Records from a data source
════════

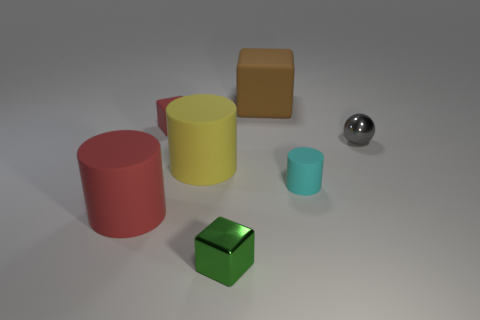There is a big yellow object that is the same material as the red cylinder; what is its shape? The big yellow object has a cylindrical shape, akin to the red cylinder but taller in height, giving it a more elongated appearance. 
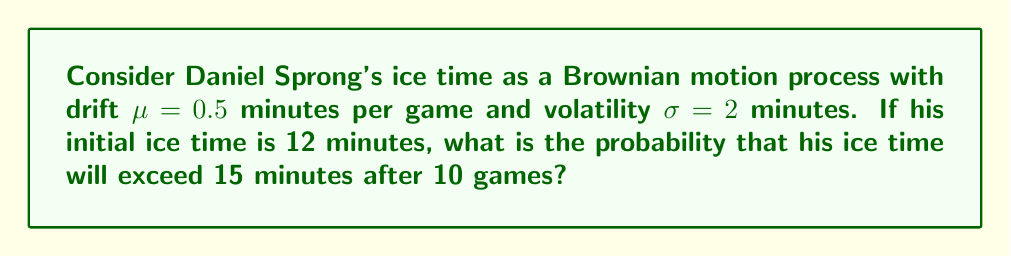What is the answer to this math problem? To solve this problem, we'll use the properties of Brownian motion:

1) Let $X_t$ represent Sprong's ice time at game t. We know that $X_0 = 12$ minutes.

2) For Brownian motion with drift, we have:
   $X_t \sim N(X_0 + \mu t, \sigma^2 t)$

3) After 10 games (t = 10), the distribution of ice time will be:
   $X_{10} \sim N(12 + 0.5 * 10, 2^2 * 10)$
   $X_{10} \sim N(17, 40)$

4) We want to find $P(X_{10} > 15)$. To standardize this:
   $P(X_{10} > 15) = P(\frac{X_{10} - 17}{\sqrt{40}} > \frac{15 - 17}{\sqrt{40}})$
   $= P(Z > \frac{-2}{\sqrt{40}}) = P(Z > -0.3162)$

5) Using the standard normal distribution table or calculator:
   $P(Z > -0.3162) = 1 - P(Z < -0.3162) = 1 - 0.3759 = 0.6241$

Therefore, the probability that Sprong's ice time will exceed 15 minutes after 10 games is approximately 0.6241 or 62.41%.
Answer: 0.6241 
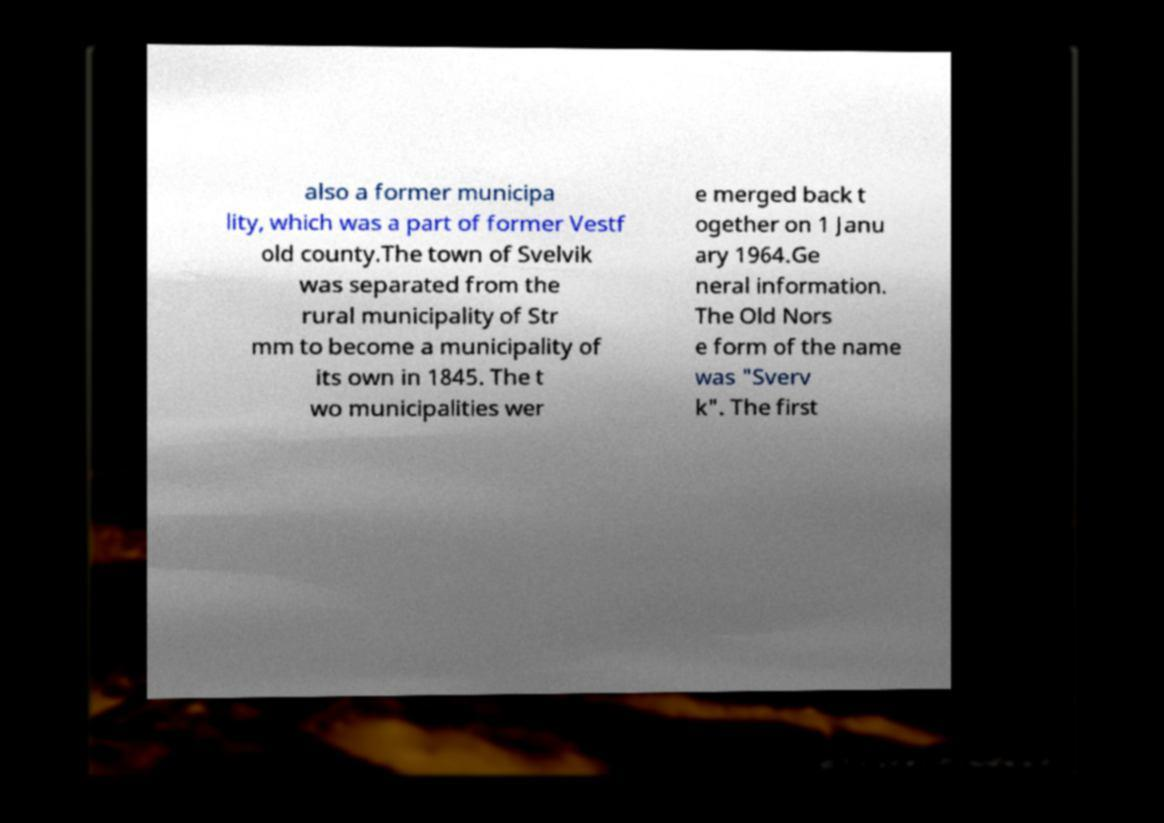Can you accurately transcribe the text from the provided image for me? also a former municipa lity, which was a part of former Vestf old county.The town of Svelvik was separated from the rural municipality of Str mm to become a municipality of its own in 1845. The t wo municipalities wer e merged back t ogether on 1 Janu ary 1964.Ge neral information. The Old Nors e form of the name was "Sverv k". The first 
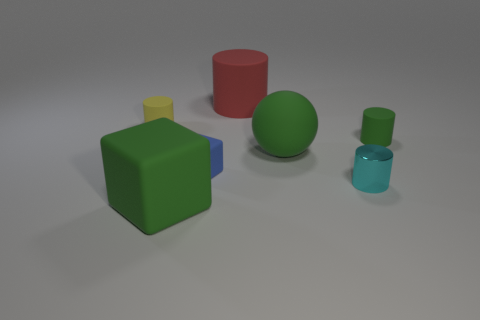Subtract all green matte cylinders. How many cylinders are left? 3 Subtract all yellow cylinders. How many cylinders are left? 3 Subtract 1 cylinders. How many cylinders are left? 3 Add 1 blue rubber things. How many objects exist? 8 Subtract all blocks. How many objects are left? 5 Subtract all yellow cylinders. Subtract all purple cubes. How many cylinders are left? 3 Add 4 cyan cylinders. How many cyan cylinders are left? 5 Add 5 blue spheres. How many blue spheres exist? 5 Subtract 1 blue blocks. How many objects are left? 6 Subtract all tiny cyan metal balls. Subtract all green rubber spheres. How many objects are left? 6 
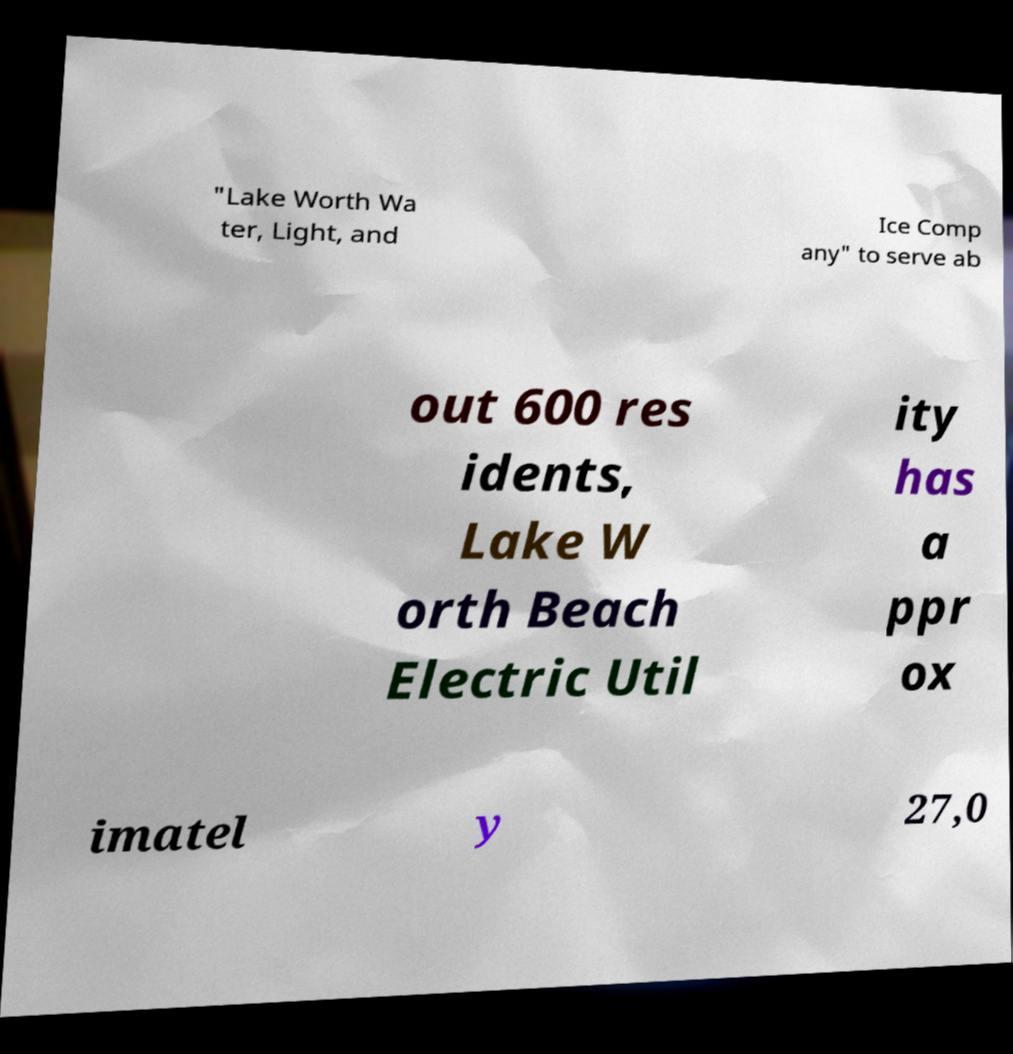For documentation purposes, I need the text within this image transcribed. Could you provide that? "Lake Worth Wa ter, Light, and Ice Comp any" to serve ab out 600 res idents, Lake W orth Beach Electric Util ity has a ppr ox imatel y 27,0

════════

» **YOUR GOAL**:
Could you transcribe the entries above word for word, from the line with "Therefore, the probability" down to the line with "Answer: 0.6241", keeping both?

» **ANSWER TO THE PROBLEM**:
Therefore, the probability that Sprong's ice time will exceed 15 minutes after 10 games is approximately 0.6241 or 62.41%.
Answer: 0.6241 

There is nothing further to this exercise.